What to do:
Transcribe only the lines of the listing below from the one holding "#14 projector" through the one holding "#20 orange (255,180,381,305)", inclusive, without any change.
Source data: Begin
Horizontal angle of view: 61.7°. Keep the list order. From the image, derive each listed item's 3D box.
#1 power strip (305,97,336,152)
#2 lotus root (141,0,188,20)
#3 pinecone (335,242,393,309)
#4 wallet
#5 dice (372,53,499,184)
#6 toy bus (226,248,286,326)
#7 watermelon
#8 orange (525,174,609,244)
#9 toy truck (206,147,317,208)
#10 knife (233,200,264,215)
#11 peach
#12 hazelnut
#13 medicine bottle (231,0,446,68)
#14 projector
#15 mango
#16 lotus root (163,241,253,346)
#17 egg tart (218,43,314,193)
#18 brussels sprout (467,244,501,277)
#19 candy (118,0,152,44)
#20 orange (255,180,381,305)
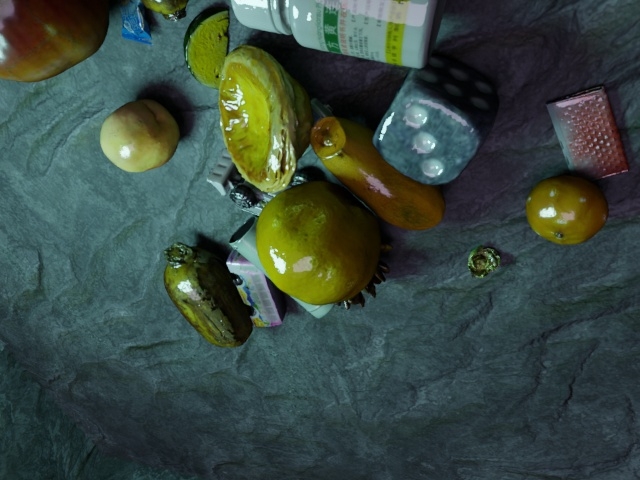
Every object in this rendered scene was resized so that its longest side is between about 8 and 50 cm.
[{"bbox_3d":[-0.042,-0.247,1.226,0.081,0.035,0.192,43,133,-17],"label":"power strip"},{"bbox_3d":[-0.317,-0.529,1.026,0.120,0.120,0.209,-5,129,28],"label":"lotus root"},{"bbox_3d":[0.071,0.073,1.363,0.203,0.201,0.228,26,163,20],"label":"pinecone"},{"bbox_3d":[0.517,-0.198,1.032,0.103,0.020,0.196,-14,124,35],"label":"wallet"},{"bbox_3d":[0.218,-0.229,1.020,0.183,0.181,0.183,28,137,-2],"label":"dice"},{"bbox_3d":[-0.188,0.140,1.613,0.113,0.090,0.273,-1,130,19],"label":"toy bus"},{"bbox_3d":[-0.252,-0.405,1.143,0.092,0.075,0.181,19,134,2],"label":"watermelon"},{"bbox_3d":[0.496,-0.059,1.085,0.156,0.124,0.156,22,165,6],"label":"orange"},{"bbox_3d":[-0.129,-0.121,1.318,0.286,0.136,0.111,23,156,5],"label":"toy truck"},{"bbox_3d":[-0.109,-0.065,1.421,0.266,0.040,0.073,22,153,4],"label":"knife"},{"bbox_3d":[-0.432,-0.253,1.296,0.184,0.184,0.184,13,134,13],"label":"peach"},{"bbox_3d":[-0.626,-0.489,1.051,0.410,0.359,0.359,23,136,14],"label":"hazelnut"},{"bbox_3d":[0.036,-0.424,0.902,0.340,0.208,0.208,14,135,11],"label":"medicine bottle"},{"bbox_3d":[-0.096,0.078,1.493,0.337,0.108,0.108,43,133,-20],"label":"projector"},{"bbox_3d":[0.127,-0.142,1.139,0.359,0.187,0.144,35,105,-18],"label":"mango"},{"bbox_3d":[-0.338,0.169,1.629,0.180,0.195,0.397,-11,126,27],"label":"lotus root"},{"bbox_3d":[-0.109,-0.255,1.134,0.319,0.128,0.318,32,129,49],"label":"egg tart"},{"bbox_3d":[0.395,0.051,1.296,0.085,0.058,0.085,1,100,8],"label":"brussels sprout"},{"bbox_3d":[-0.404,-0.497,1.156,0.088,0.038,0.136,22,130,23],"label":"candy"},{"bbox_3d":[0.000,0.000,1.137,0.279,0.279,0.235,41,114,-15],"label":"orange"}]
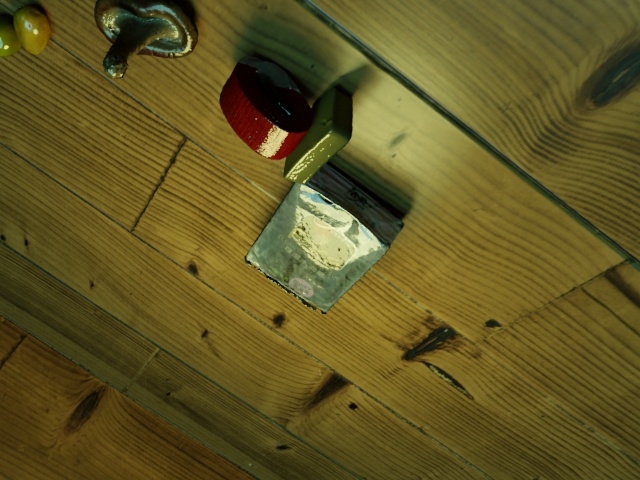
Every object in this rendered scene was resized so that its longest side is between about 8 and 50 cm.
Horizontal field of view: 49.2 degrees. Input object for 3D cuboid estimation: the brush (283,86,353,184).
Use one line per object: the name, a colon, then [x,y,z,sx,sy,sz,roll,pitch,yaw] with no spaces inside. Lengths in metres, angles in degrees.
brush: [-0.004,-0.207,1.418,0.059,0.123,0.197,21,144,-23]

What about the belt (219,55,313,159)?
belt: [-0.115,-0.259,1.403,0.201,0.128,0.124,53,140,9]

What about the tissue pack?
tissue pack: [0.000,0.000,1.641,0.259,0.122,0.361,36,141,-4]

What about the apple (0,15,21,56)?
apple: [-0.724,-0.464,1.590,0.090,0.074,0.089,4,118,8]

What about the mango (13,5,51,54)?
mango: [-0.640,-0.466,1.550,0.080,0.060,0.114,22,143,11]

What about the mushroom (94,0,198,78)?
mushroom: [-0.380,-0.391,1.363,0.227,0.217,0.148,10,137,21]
Source data: End
Solution for this exercise:
#14 projector
#15 mango
#16 lotus root (163,241,253,346)
#17 egg tart (218,43,314,193)
#18 brussels sprout (467,244,501,277)
#19 candy (118,0,152,44)
#20 orange (255,180,381,305)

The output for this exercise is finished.